Gábor Kecskeméti was born on the 30th of November 1965 in Szolnok, Hungary. He studied Hungarian literature and history at the Faculty of Letters of the Eötvös Loránd University in Budapest, from 1984 to 1989. While a freshman, he attended Andor Tarnai’s seminars on early modern literary history; starting with his second year of studies he became Tarnai’s undergraduate teaching assistant for the seminars on The Significance of the Early Modern Occasional Sermon from the Perspective of the Sociology of Literature. It was during this assistantship that he committed himself to study the history and theory of early modern rhetoric. His critical edition of seventeenth century funeral sermons was published while only a senior student.

Since 1992 his full time employment has been at the Renaissance Department of the Institute for Literary Studies, Hungarian Academy of Sciences; the institute as of 2012 has been incorporated in a larger structure, the Research Centre of the Humanities, Hungarian Academy of Sciences. He started his activity as junior research fellow. He became research fellow in 1995, senior research fellow in 1998, and finally obtained the status of research adviser in 2009. He submitted his thesis for the degree of Candidate of Literature (C.Sc.) entitled, The Significance of Early Modern Hungarian Funeral Sermon in the Context of Intellectual History in 1996. The thesis was successfully defended in 1997, then transformed into a monograph, and published in 1998.

He has been involved and contributed to several successful projects related to both Hungarian and international scholarly enterprises.
He has been the organizer of several national conferences and editor of their ensuing proceedings. He has been a member of the organizing committee preparing the thirteenth Congress of the International Association for Neo-Latin Studies in Budapest, during August 2006. As of 2011 he has commenced organizing a series of conferences systematically evaluating the Hungarian textology and philology as a discipline. The conferences have been held at Miskolc: Philology and Textology in Early Modern Hungarian Literature (2011); Issues Pertaining to Philology and Textology in the Editing the Classics of the 20th Century Hungarian Literature (2012); Textology, Philology, and Interpretation in the 18th and 19th Century Hungarian Literature (2013).

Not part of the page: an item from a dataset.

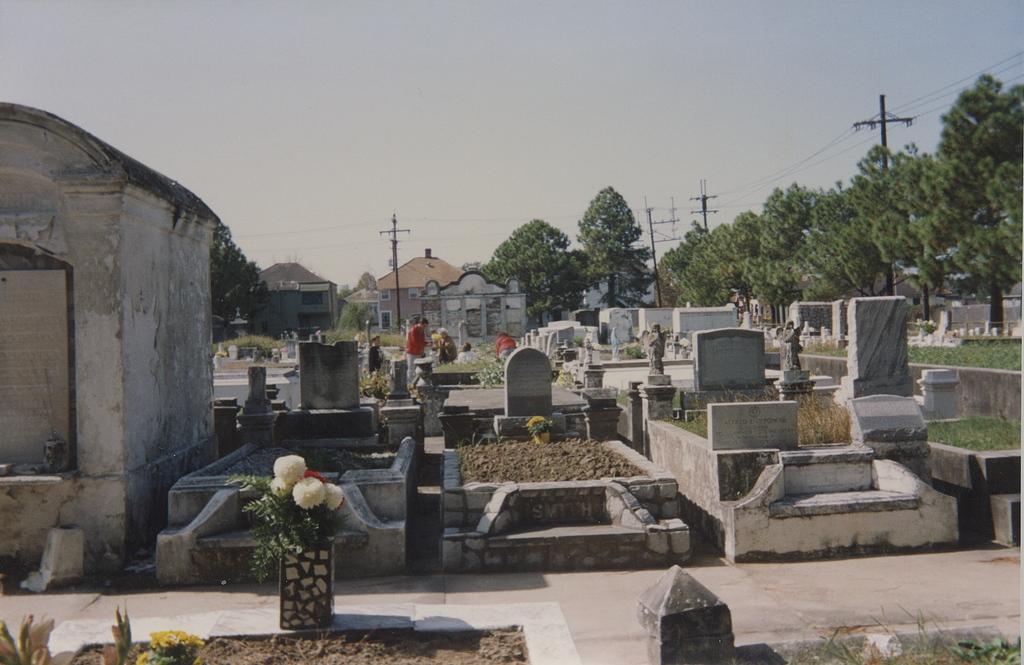Please provide a concise description of this image. In this picture we can see few graves and few people, in the background we can find few houses, trees and poles. 
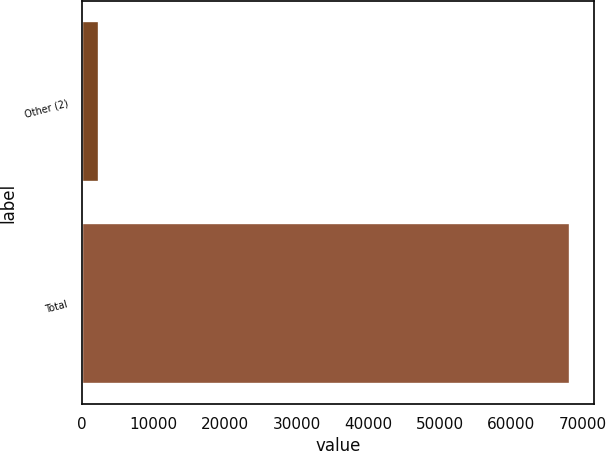Convert chart to OTSL. <chart><loc_0><loc_0><loc_500><loc_500><bar_chart><fcel>Other (2)<fcel>Total<nl><fcel>2400<fcel>68208<nl></chart>

Since 1997 he has been a member of the Committee for Textology of HAS, became its co-chair for the period of 2001–2008, and finally its chair, between 2008–2014. He has been a member of the expert board for Hungarian Literature and Modern Philology of Hungarian Scientific Research Fund (OTKA) between 2005 and 2008, and then from 2010 onwards. As of 2011 he undertook the duties of the chair of this board. He has been the co-chair of the Board for Literary Studies of the Hungarian Accreditation Committee from 2007 to 2010. For two years, between 2010 and 2012 he has been a member of the Hungarian Accreditation Committee for Humanities. He has been the elected member of the Committee on Literary Scholarship, Hungarian Academy of Sciences since 2008. He has been the co-chair of the Committee on Literary and Linguistic Scholarship of the Regional Committee in Miskolc, Hungarian Academy of Sciences from 2008, and acted as its chair between 2010–2017. For the period of 2010–2015 he was a member of the Advisory Board for the János Bolyai Research Scholarship. Since 2016, he has been a member of the committee of the International Society for Hungarian Studies. He is also a member of the Advisory Board for the Andor Tarnai Prize.

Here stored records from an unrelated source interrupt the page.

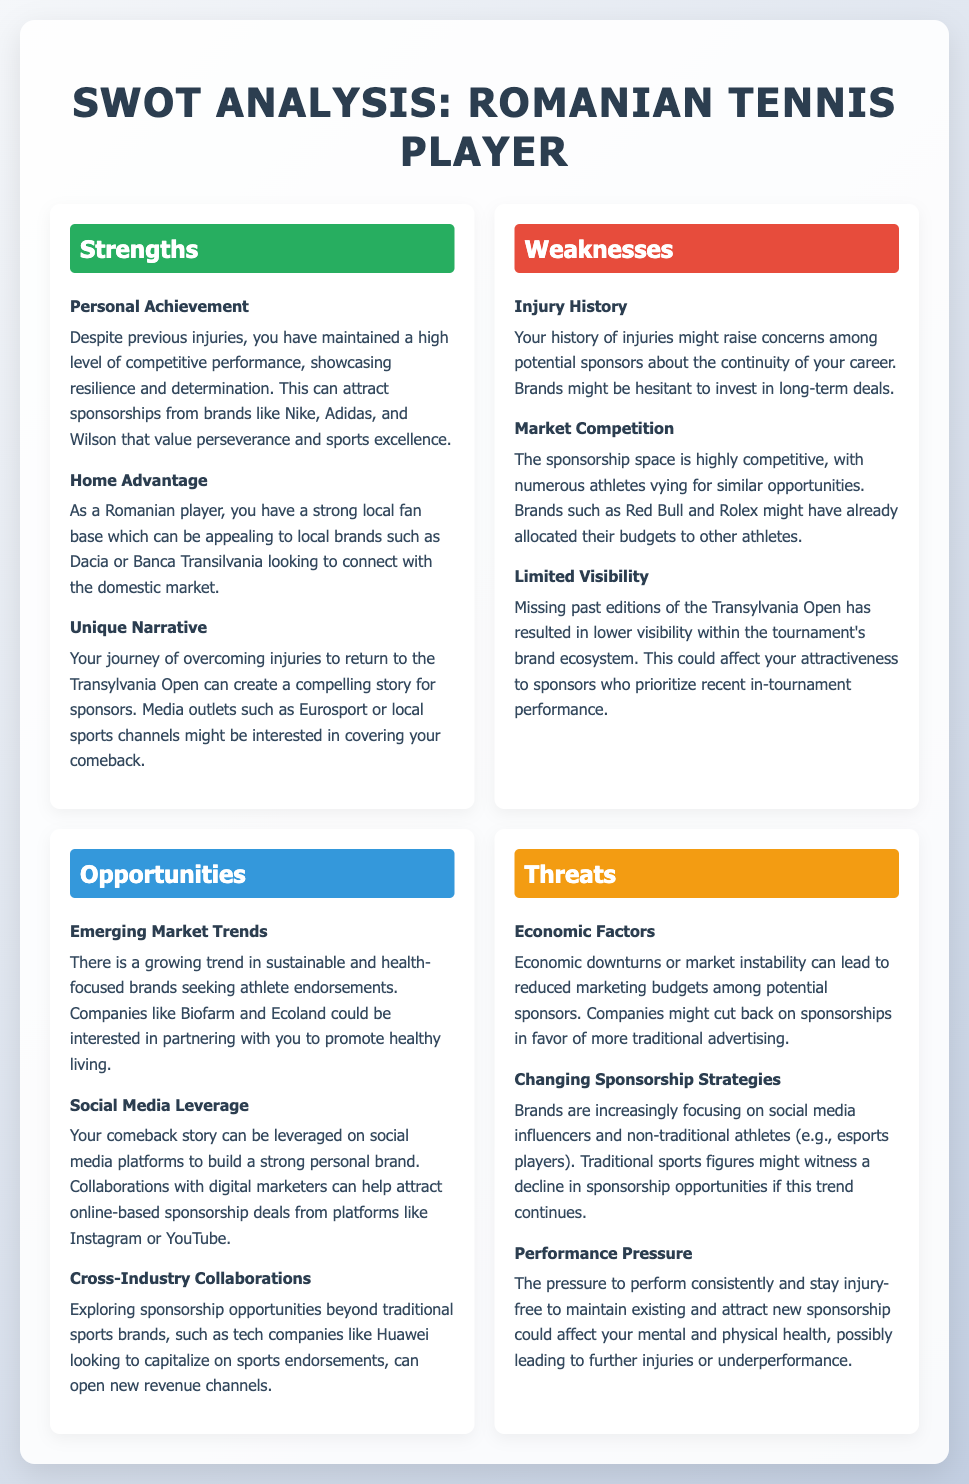What is a personal achievement mentioned? The personal achievement highlighted is the maintenance of a high level of competitive performance despite previous injuries.
Answer: Maintaining competitive performance Which local brand is mentioned as appealing to your fan base? The brand mentioned that could connect with the domestic market is Dacia.
Answer: Dacia What is a key weakness identified related to sponsorship? A key weakness is your history of injuries, which might raise concerns for sponsors.
Answer: Injury history Name an emerging market trend for sponsorship opportunities. The emerging trend noted is the interest of sustainable and health-focused brands seeking athlete endorsements.
Answer: Sustainable and health-focused brands What aspect can be leveraged for building a strong personal brand? Your comeback story can be leveraged on social media platforms.
Answer: Social media Which economic factor could threaten sponsorship opportunities? Economic downturns or market instability are threats that could reduce marketing budgets among sponsors.
Answer: Economic downturns What is a unique narrative highlighted for potential media interest? The journey of overcoming injuries to return to the Transylvania Open is identified as a compelling story.
Answer: Overcoming injuries What changing trend in sponsorship strategies is mentioned? Brands are focusing more on social media influencers and non-traditional athletes, like esports players.
Answer: Social media influencers

He has been teaching in higher education since 1990; he started his teaching activity as a visiting faculty first at the Eötvös Loránd University, then at the Pázmány Péter Catholic University. He has worked for three years (1996–1999), first as a senior lecturer, and then as a reader at the Janus Pannonius University’s Department of Classical Literary History and Comparative Literature in Pécs. Furthermore, he taught several courses for postgraduate Polish, Russian, Ukrainian, Belarusian, and Lithuanian students at the East-Central European School in the Humanities of the Warsaw University.